Problem details
Copy verbatim the block of lines in the entries below whose first line contains "text Um diese" and whose last line contains "text Ein weiterer". Leave out all other lines.

Records provided

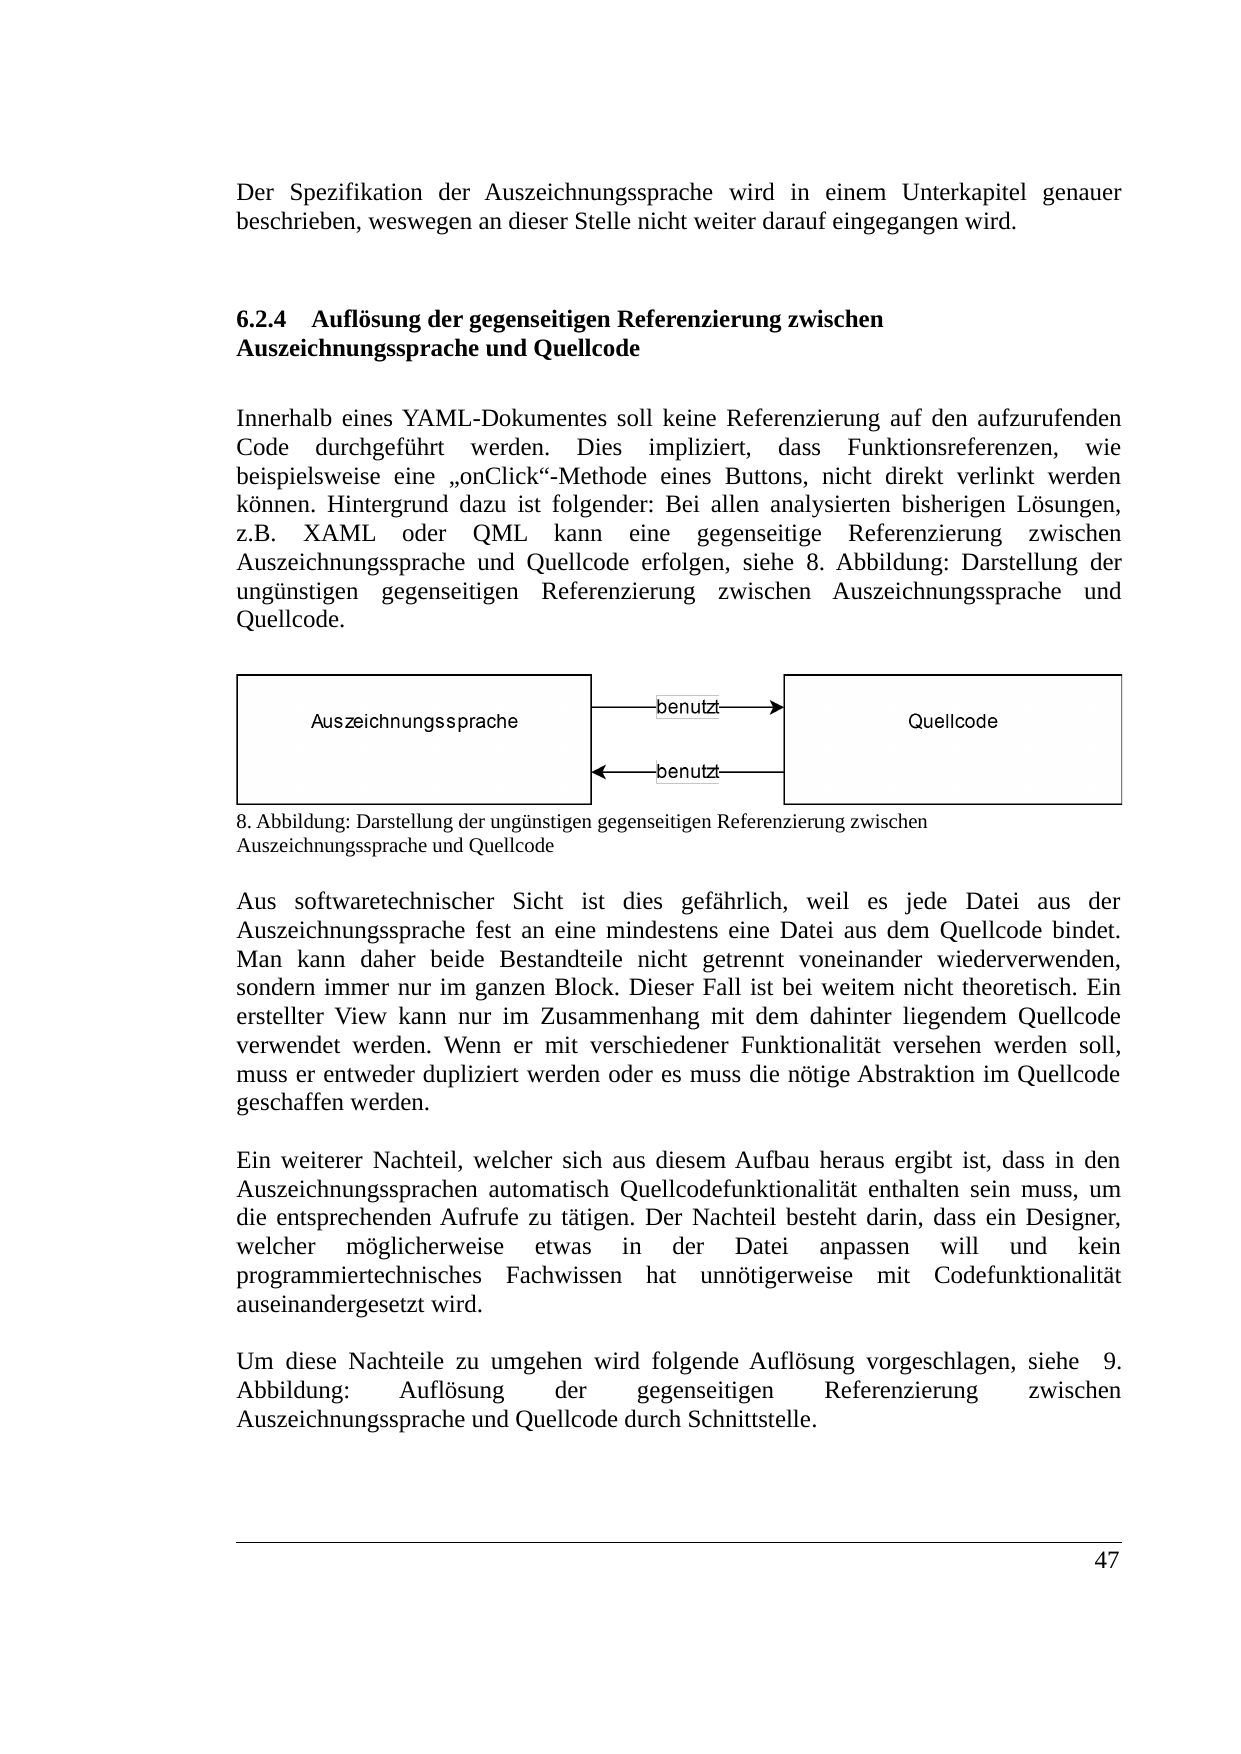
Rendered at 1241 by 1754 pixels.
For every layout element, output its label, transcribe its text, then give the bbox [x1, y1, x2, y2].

text Um diese Nachteile zu umgehen wird folgende Auflösung vorgeschlagen, siehe 9. Abbildung: Auflösung der gegenseitigen Referenzierung zwischen Auszeichnungssprache und Quellcode durch Schnittstelle. [236, 1346, 1122, 1432]
text Der Spezifikation der Auszeichnungssprache wird in einem Unterkapitel genauer beschrieben, weswegen an dieser Stelle nicht weiter darauf eingegangen wird. [236, 177, 1122, 235]
text 8. Abbildung: Darstellung der ungünstigen gegenseitigen Referenzierung zwischen Auszeichnungssprache und Quellcode [236, 805, 1122, 857]
text Ein weiterer Nachteil, welcher sich aus diesem Aufbau heraus ergibt ist, dass in den Auszeichnungssprachen automatisch Quellcodefunktionalität enthalten sein muss, um die entsprechenden Aufrufe zu tätigen. Der Nachteil besteht darin, dass ein Designer, welcher möglicherweise etwas in der Datei anpassen will und kein programmiertechnisches Fachwissen hat unnötigerweise mit Codefunktionalität auseinandergesetzt wird. [236, 1145, 1122, 1317]
text Aus softwaretechnischer Sicht ist dies gefährlich, weil es jede Datei aus der Auszeichnungssprache fest an eine mindestens eine Datei aus dem Quellcode bindet. Man kann daher beide Bestandteile nicht getrennt voneinander wiederverwenden, sondern immer nur im ganzen Block. Dieser Fall ist bei weitem nicht theoretisch. Ein erstellter View kann nur im Zusammenhang mit dem dahinter liegendem Quellcode verwendet werden. Wenn er mit verschiedener Funktionalität versehen werden soll, muss er entweder dupliziert werden oder es muss die nötige Abstraktion im Quellcode geschaffen werden. [236, 886, 1122, 1116]
picture [236, 674, 1123, 805]
subtitle Auflösung der gegenseitigen Referenzierung zwischen Auszeichnungssprache und Quellcode [236, 304, 1122, 362]
text Innerhalb eines YAML-Dokumentes soll keine Referenzierung auf den aufzurufenden Code durchgeführt werden. Dies impliziert, dass Funktionsreferenzen, wie beispielsweise eine „onClick“-Methode eines Buttons, nicht direkt verlinkt werden können. Hintergrund dazu ist folgender: Bei allen analysierten bisherigen Lösungen, z.B. XAML oder QML kann eine gegenseitige Referenzierung zwischen Auszeichnungssprache und Quellcode erfolgen, siehe 8. Abbildung: Darstellung der ungünstigen gegenseitigen Referenzierung zwischen Auszeichnungssprache und Quellcode. [236, 403, 1122, 633]
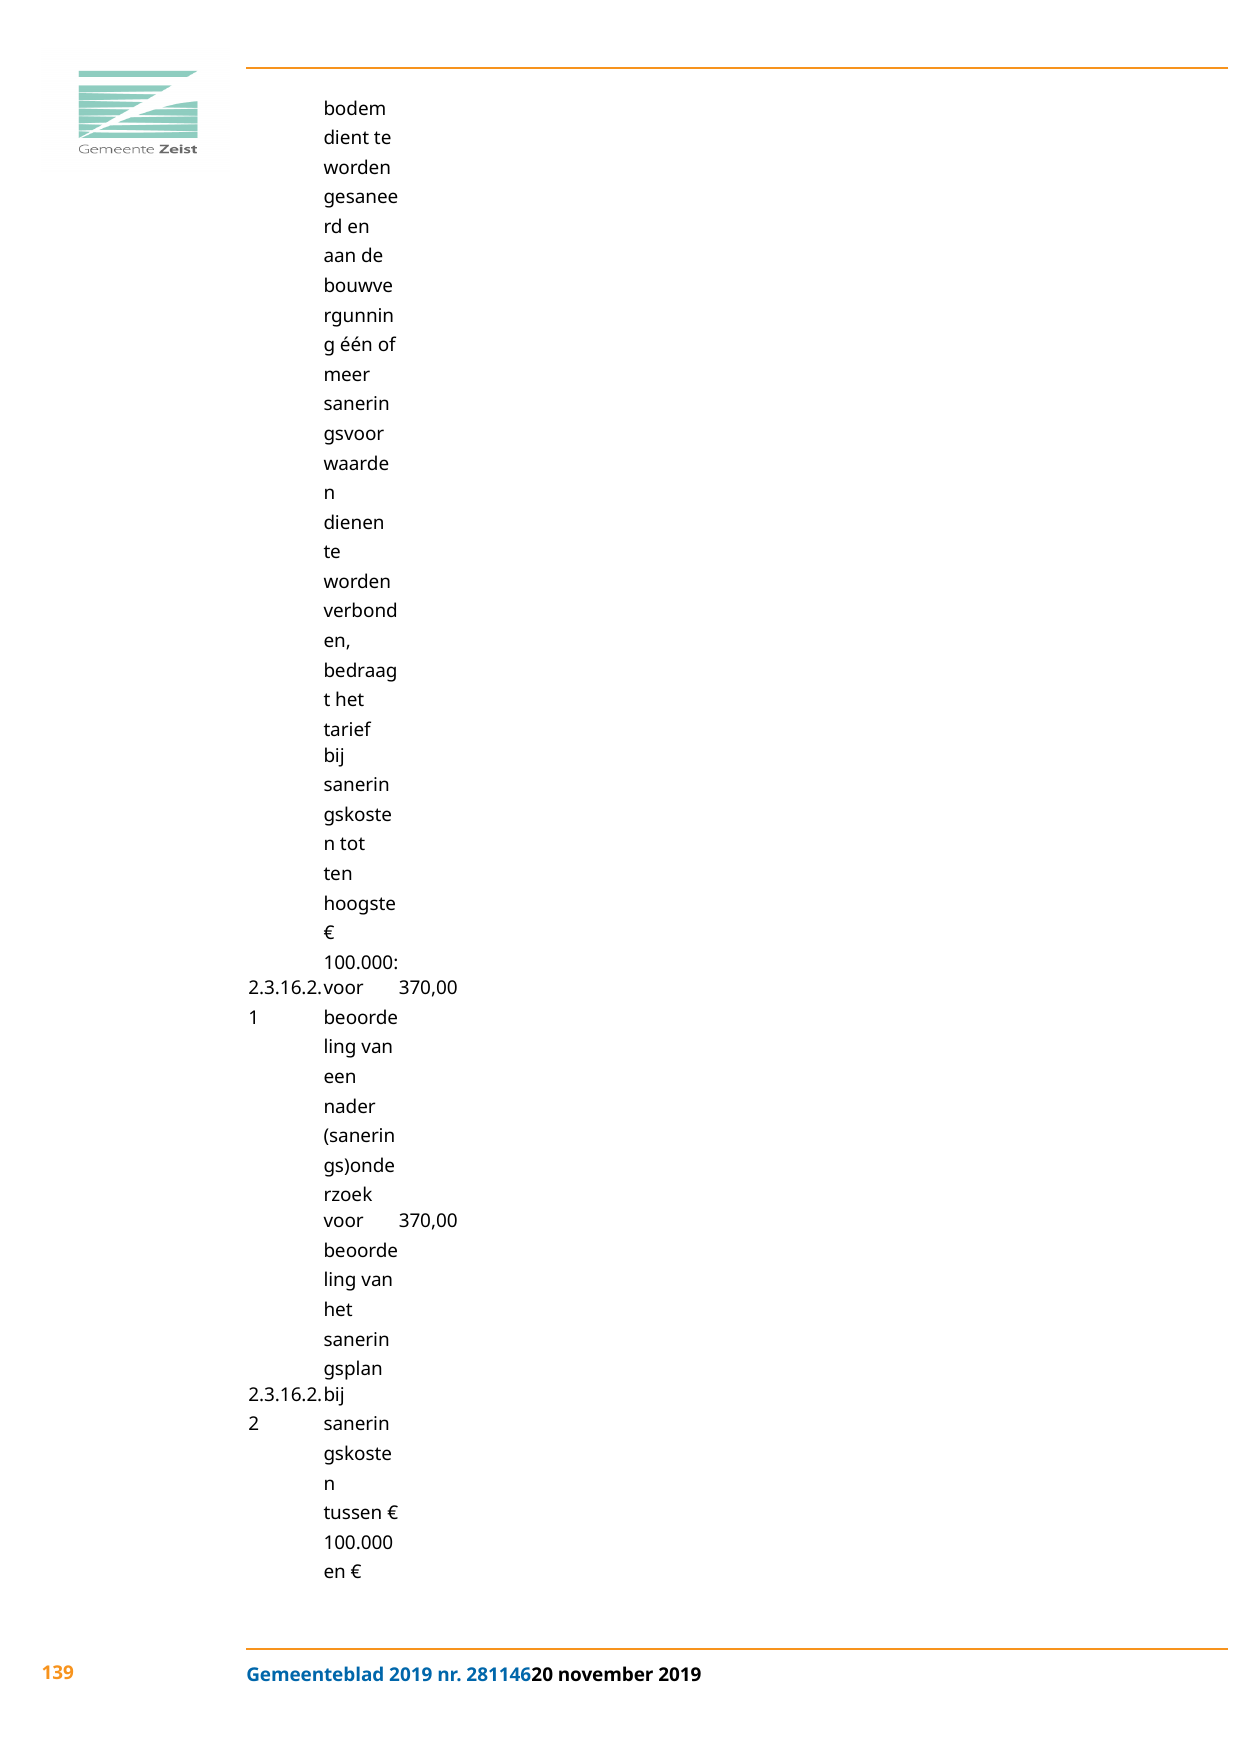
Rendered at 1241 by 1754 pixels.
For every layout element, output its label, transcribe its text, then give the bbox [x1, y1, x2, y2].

table_cell bij saneringskosten tussen € 100.000 en € [323, 1381, 398, 1584]
table_cell [248, 1208, 323, 1381]
table_cell voor beoordeling van een nader (sanerings)onderzoek [323, 975, 398, 1207]
table_cell 2.3.16.2.1 [248, 975, 323, 1207]
table_cell [399, 742, 474, 974]
table_cell 370,00 [399, 975, 474, 1207]
table_cell [399, 95, 474, 742]
table_cell [248, 742, 323, 974]
table_cell [399, 1381, 474, 1584]
table_cell bij saneringskosten tot ten hoogste € 100.000: [323, 742, 398, 974]
picture [41, 47, 231, 172]
table_cell [248, 95, 323, 742]
table_cell 2.3.16.2.2 [248, 1381, 323, 1584]
table_cell voor beoordeling van het saneringsplan [323, 1208, 398, 1381]
table_cell 370,00 [399, 1208, 474, 1381]
table_cell bodem dient te worden gesaneerd en aan de bouwvergunning één of meer saneringsvoorwaarden dienen te worden verbonden, bedraagt het tarief [323, 95, 398, 742]
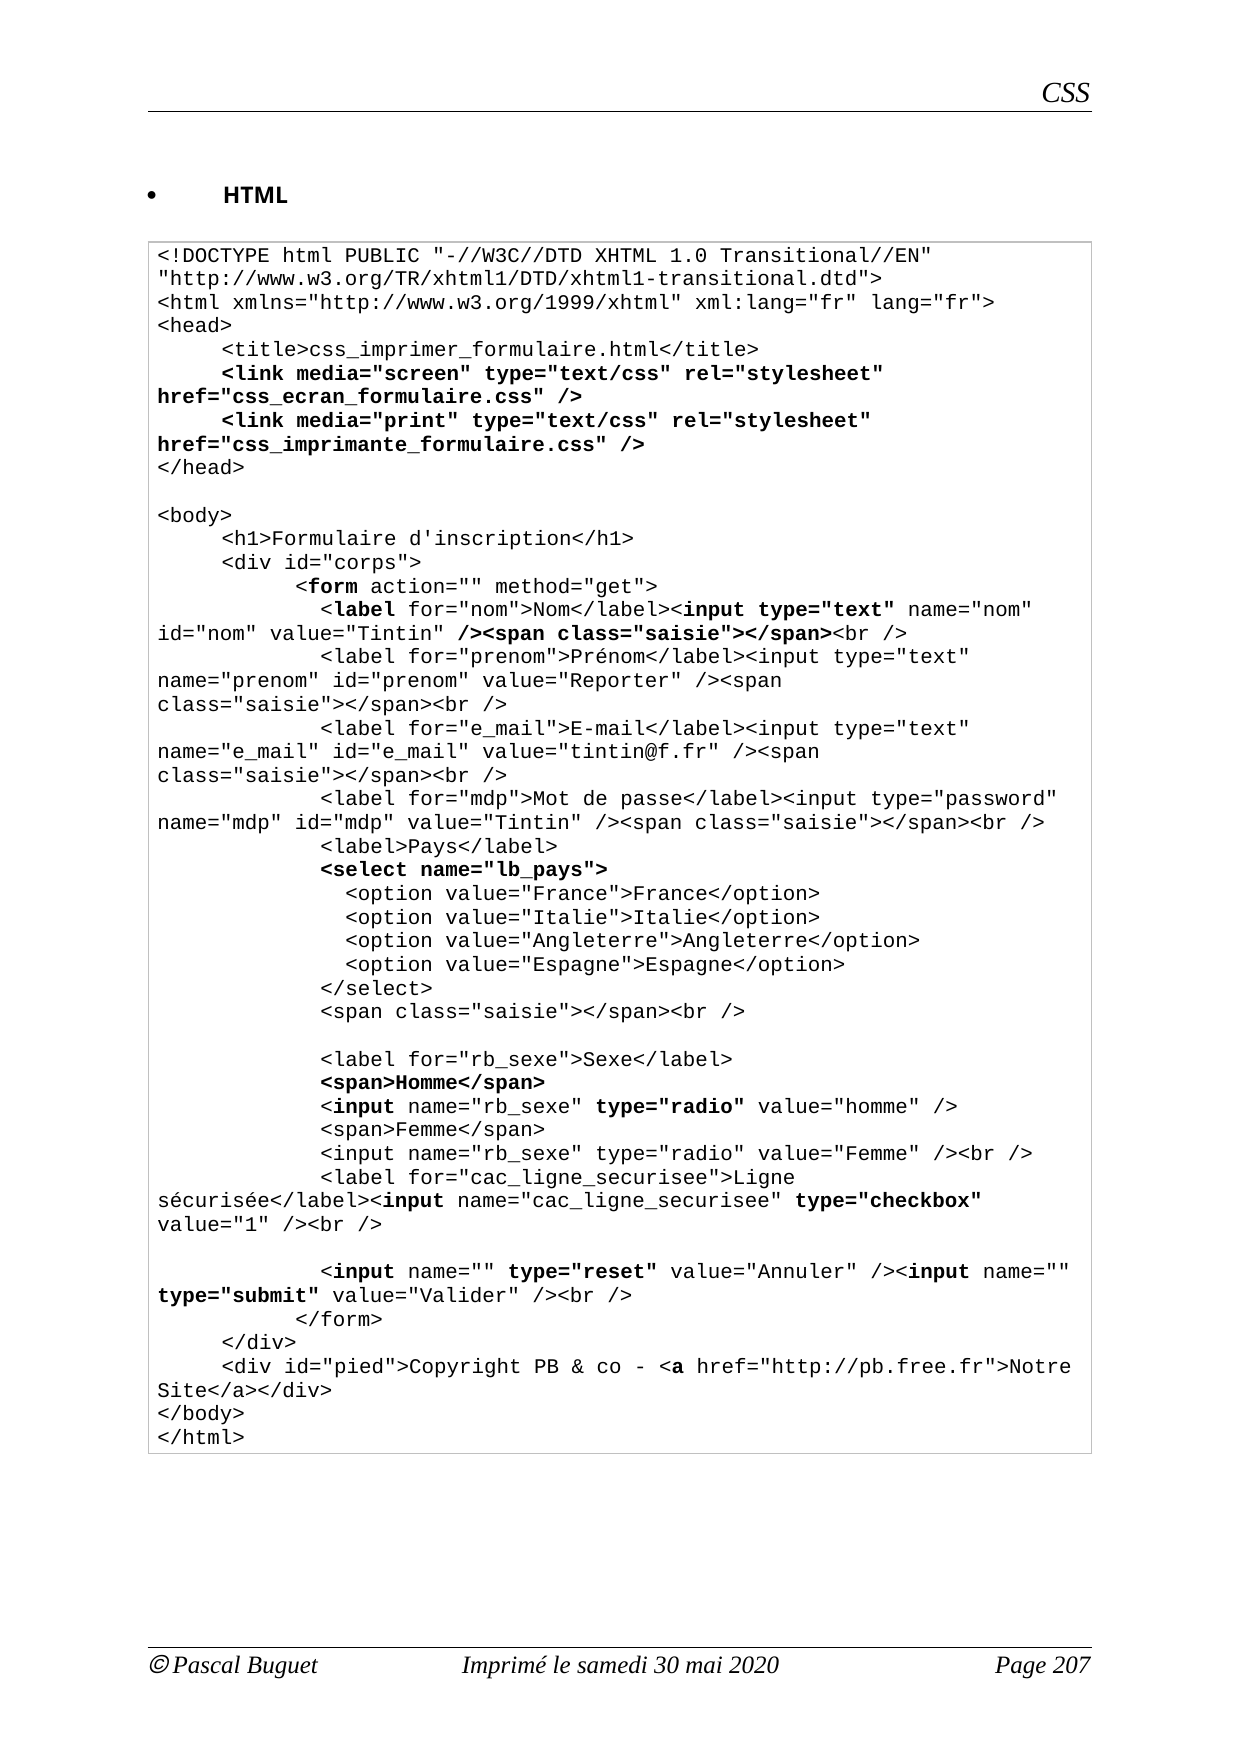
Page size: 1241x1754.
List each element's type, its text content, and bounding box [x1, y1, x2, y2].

text <input name="rb_sexe" type="radio" value="homme" /> [149, 1093, 1091, 1116]
text <input name="" type="reset" value="Annuler" /><input name="" type="submit" value="Valider" /><br /> [149, 1258, 1091, 1306]
list HTML [148, 179, 1092, 210]
text <label for="nom">Nom</label><input type="text" name="nom" id="nom" value="Tintin" /><span class="saisie"></span><br /> [149, 596, 1091, 643]
text <div id="pied">Copyright PB & co - <a href="http://pb.free.fr">Notre Site</a></div> [149, 1353, 1091, 1400]
text <html xmlns="http://www.w3.org/1999/xhtml" xml:lang="fr" lang="fr"> [149, 289, 1091, 312]
text <form action="" method="get"> [149, 572, 1091, 596]
text </body> [149, 1400, 1091, 1424]
text <span>Homme</span> [149, 1069, 1091, 1093]
text <option value="France">France</option> [149, 880, 1091, 903]
text <label for="e_mail">E-mail</label><input type="text" name="e_mail" id="e_mail" value="tintin@f.fr" /><span class="saisie"></span><br /> [149, 714, 1091, 785]
text <select name="lb_pays"> [149, 856, 1091, 880]
text <span>Femme</span> [149, 1116, 1091, 1140]
text <option value="Angleterre">Angleterre</option> [149, 927, 1091, 951]
text <link media="screen" type="text/css" rel="stylesheet" href="css_ecran_formulaire.css" /> [149, 360, 1091, 407]
text <option value="Espagne">Espagne</option> [149, 951, 1091, 974]
text <h1>Formulaire d'inscription</h1> [149, 525, 1091, 549]
text </form> [149, 1306, 1091, 1329]
text <div id="corps"> [149, 549, 1091, 572]
text <input name="rb_sexe" type="radio" value="Femme" /><br /> [149, 1140, 1091, 1164]
text <label>Pays</label> [149, 833, 1091, 856]
text </div> [149, 1329, 1091, 1353]
text <span class="saisie"></span><br /> [149, 998, 1091, 1022]
text <label for="prenom">Prénom</label><input type="text" name="prenom" id="prenom" value="Reporter" /><span class="saisie"></span><br /> [149, 643, 1091, 714]
text <label for="rb_sexe">Sexe</label> [149, 1045, 1091, 1069]
text </select> [149, 974, 1091, 998]
text <body> [149, 502, 1091, 525]
text </head> [149, 454, 1091, 478]
text <label for="mdp">Mot de passe</label><input type="password" name="mdp" id="mdp" value="Tintin" /><span class="saisie"></span><br /> [149, 785, 1091, 833]
text <link media="print" type="text/css" rel="stylesheet" href="css_imprimante_formulaire.css" /> [149, 407, 1091, 454]
text <label for="cac_ligne_securisee">Ligne sécurisée</label><input name="cac_ligne_securisee" type="checkbox" value="1" /><br /> [149, 1164, 1091, 1234]
text <title>css_imprimer_formulaire.html</title> [149, 336, 1091, 360]
text <!DOCTYPE html PUBLIC "-//W3C//DTD XHTML 1.0 Transitional//EN" "http://www.w3.org/TR/xhtml1/DTD/xhtml1-transitional.dtd"> [149, 243, 1091, 289]
text <head> [149, 312, 1091, 336]
text </html> [149, 1424, 1091, 1453]
text <option value="Italie">Italie</option> [149, 903, 1091, 927]

Response to this exercise
text Um diese Nachteile zu umgehen wird folgende Auflösung vorgeschlagen, siehe 9. Abbildung: Auflösung der gegenseitigen Referenzierung zwischen Auszeichnungssprache und Quellcode durch Schnittstelle. [236, 1346, 1122, 1432]
text Der Spezifikation der Auszeichnungssprache wird in einem Unterkapitel genauer beschrieben, weswegen an dieser Stelle nicht weiter darauf eingegangen wird. [236, 177, 1122, 235]
text 8. Abbildung: Darstellung der ungünstigen gegenseitigen Referenzierung zwischen Auszeichnungssprache und Quellcode [236, 805, 1122, 857]
text Ein weiterer Nachteil, welcher sich aus diesem Aufbau heraus ergibt ist, dass in den Auszeichnungssprachen automatisch Quellcodefunktionalität enthalten sein muss, um die entsprechenden Aufrufe zu tätigen. Der Nachteil besteht darin, dass ein Designer, welcher möglicherweise etwas in der Datei anpassen will und kein programmiertechnisches Fachwissen hat unnötigerweise mit Codefunktionalität auseinandergesetzt wird. [236, 1145, 1122, 1317]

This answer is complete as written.